Le Contemporain soutient le roman humaniste et sensible de Maxim Schenkel

Un roman pour réenchanter la paix : Maxime Schenkel ou l’espoir en héritage

■ Maxime Schenkel.
 

Par Yves-Alexandre Julien – Journaliste Culture.

Un jour, nous vivrons ensemble, le premier roman de Maxime Schenkel, publié par les éditions Une autre voix, surprend, émeut et interroge. Par son titre d’abord, promesse d’un avenir pacifié dans une région fracturée par des décennies de conflits. Par son auteur ensuite, trentenaire autodidacte, ancien footballeur devenu écrivain par idéal. Par sa matière enfin, brûlante entre toutes : l’histoire d’une famille palestinienne sur trois générations, confrontée à l’exil, à la guerre et à la persistance de l’espoir. Ce récit romanesque, à la fois pudique et engagé, évite les pièges de la simplification idéologique pour offrir une fresque sensible, inspirée d’une vérité historique souvent occultée.

 

Le sens du projet de Schenkel : restituer une humanité à ceux qu’on déshumanise, relier l’histoire et l’avenir, et croire — encore — qu’il n’est pas trop tard pour vivre ensemble.

Trois générations palestiniennes à la lumière de l’Histoire et du fracas de l’actualité

Il faut du courage, aujourd’hui, pour écrire un roman sur la Palestine. Non un pamphlet, non un tract, mais un roman au sens le plus fort du terme : un récit d’hommes et de femmes, d’amour et d’exil, de chair et de mémoire. C’est ce que parvient à faire Maxime Schenkel, jeune auteur de 32 ans passé par les terrains de football avant ceux de la littérature, dans Un jour nous vivrons ensemble, premier roman publié chez Une autre Voix, maison résolument hors des sentiers battus.
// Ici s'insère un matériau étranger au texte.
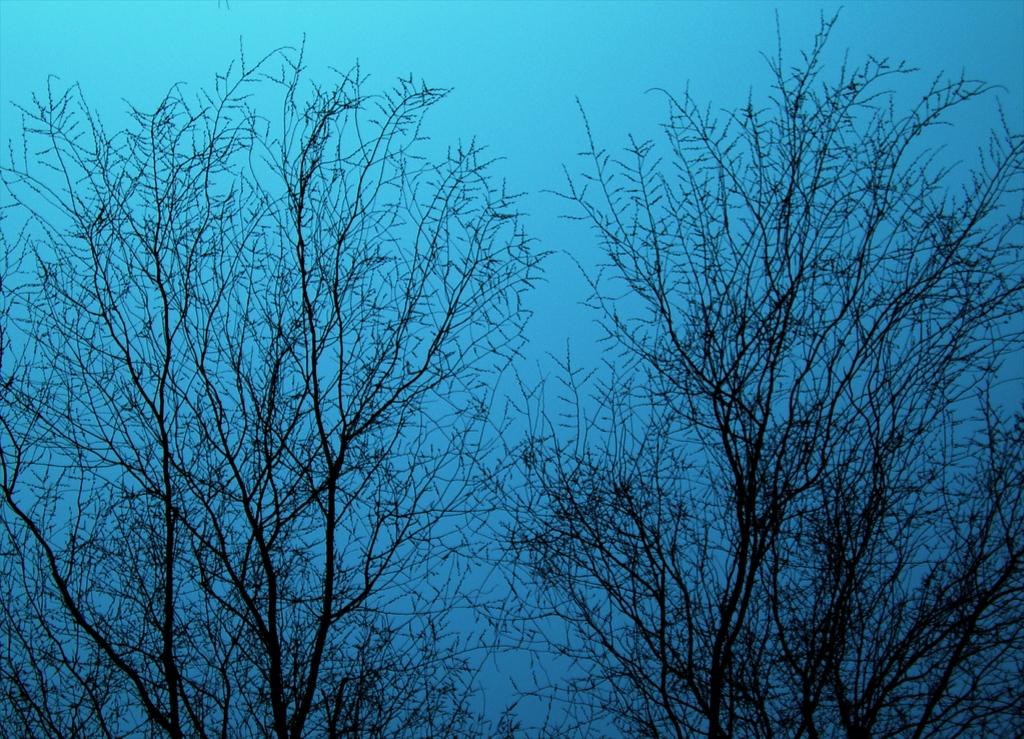What type of vegetation can be seen in the image? There are trees in the image. What color is the sky in the image? The sky is blue in the image. Where is the basket located in the image? There is no basket present in the image. How many feet can be seen in the image? There are no feet visible in the image. 
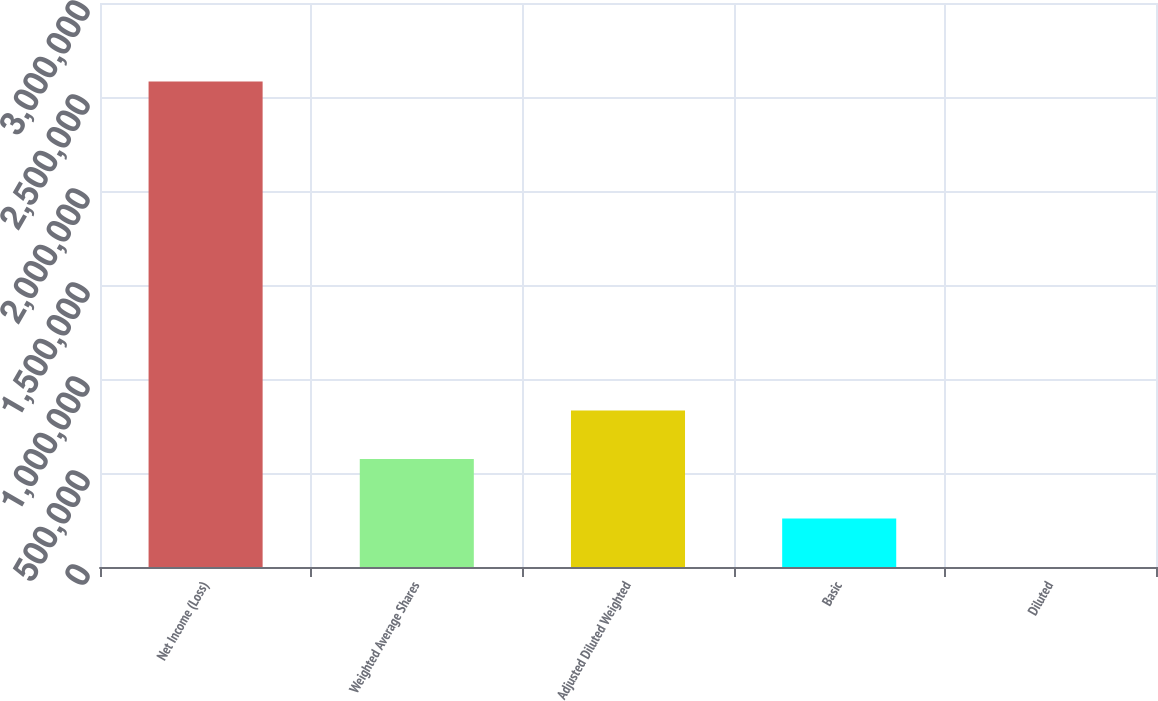Convert chart to OTSL. <chart><loc_0><loc_0><loc_500><loc_500><bar_chart><fcel>Net Income (Loss)<fcel>Weighted Average Shares<fcel>Adjusted Diluted Weighted<fcel>Basic<fcel>Diluted<nl><fcel>2.58258e+06<fcel>574620<fcel>832877<fcel>258262<fcel>4.46<nl></chart> 
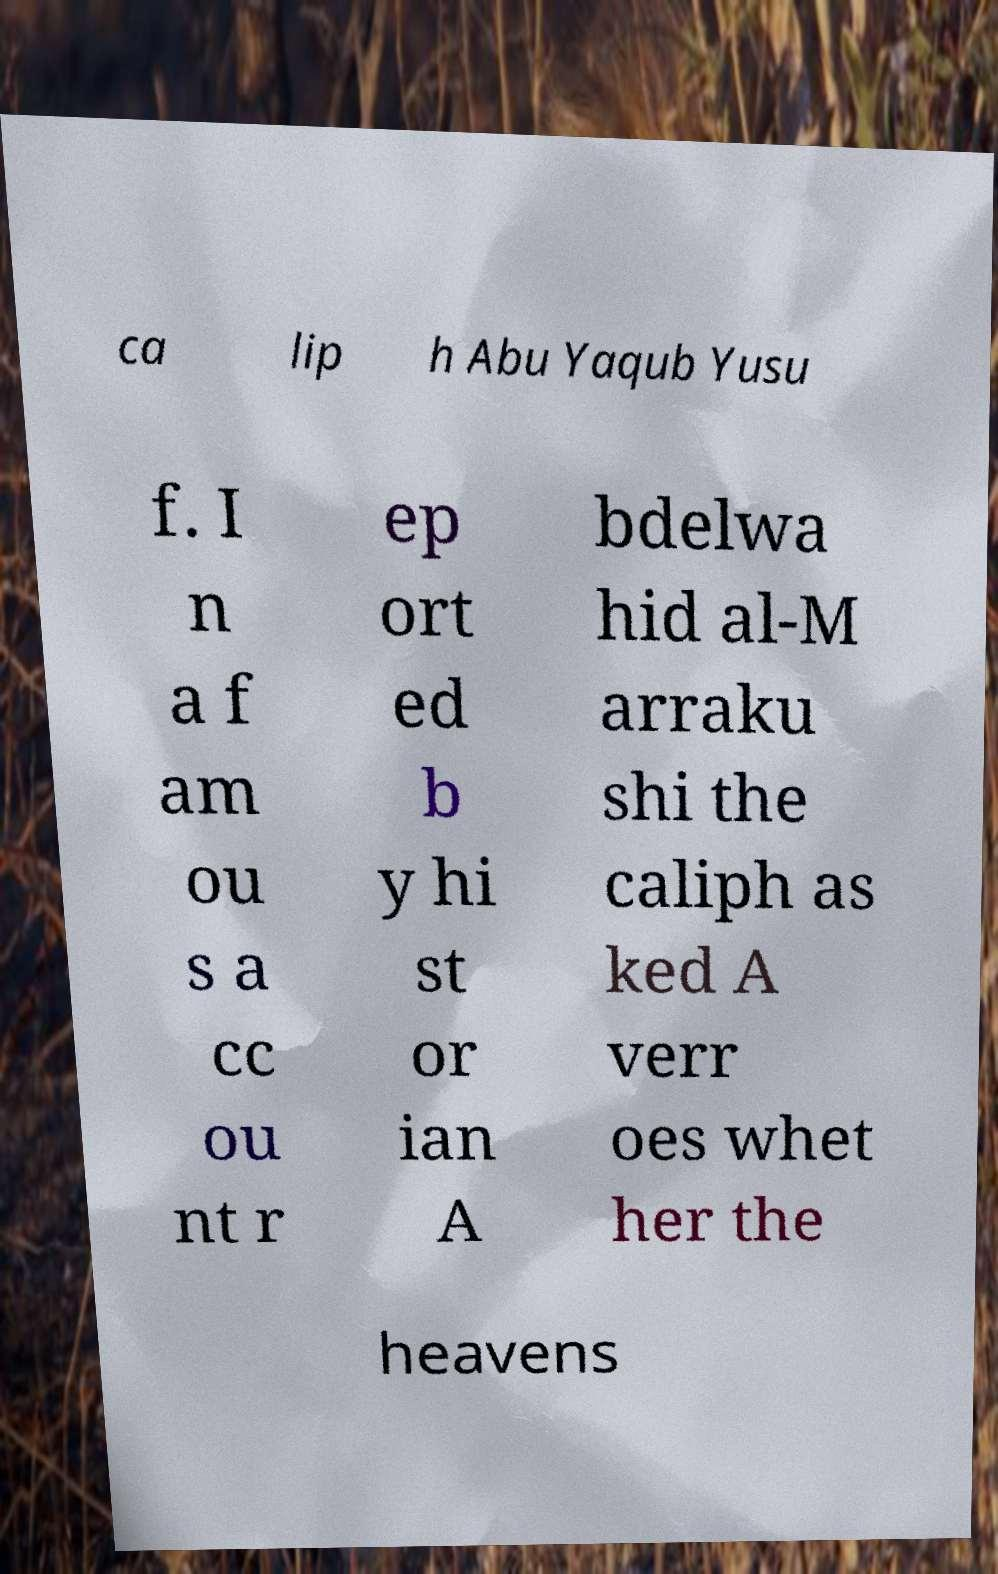Please read and relay the text visible in this image. What does it say? ca lip h Abu Yaqub Yusu f. I n a f am ou s a cc ou nt r ep ort ed b y hi st or ian A bdelwa hid al-M arraku shi the caliph as ked A verr oes whet her the heavens

En trois générations — Hassan, Amine, Ali — l’auteur retrace, à hauteur d’homme, le long désastre d’un peuple jeté hors de l’Histoire, et pourtant toujours debout, comme ce jeune garçon renversé mais triomphant sur la couverture.

De Tantura à Gaza, la tragédie continue

À l’origine, il y a un village : Tantura village côtier au sud de Haïfa, sur la côte méditerranéenne, où les jours paisibles de la Palestine mandataire sont balayés par la Nakba. Nous sommes le 23 mai 1948, lendemain de noces entre Hassan jeune Palestinien de 21 ans et Fatima qu’il épouse à la veille d’une tragédie : l’irruption de la Haganah, milice juive devenue l’embryon de Tsahal, qui massacre les villageois dans une opération de “nettoyage” restée taboue pendant des décennies. La mer est calme, les visages sont radieux, mais déjà, au large, gronde la Haganah, future armée israélienne nourrie aux idéaux du sabre et du droit divin. Le massacre est un fait historique longtemps nié, aujourd’hui partiellement reconnu. Hassan, épargné par miracle, fuit avec sa jeune épouse vers la France, terre d’exil qui devient terre d’accueil. Il y ouvre une épicerie en Normandie. Mais son cœur reste là-bas, entre les citronniers de Tantura et les plages de son enfance…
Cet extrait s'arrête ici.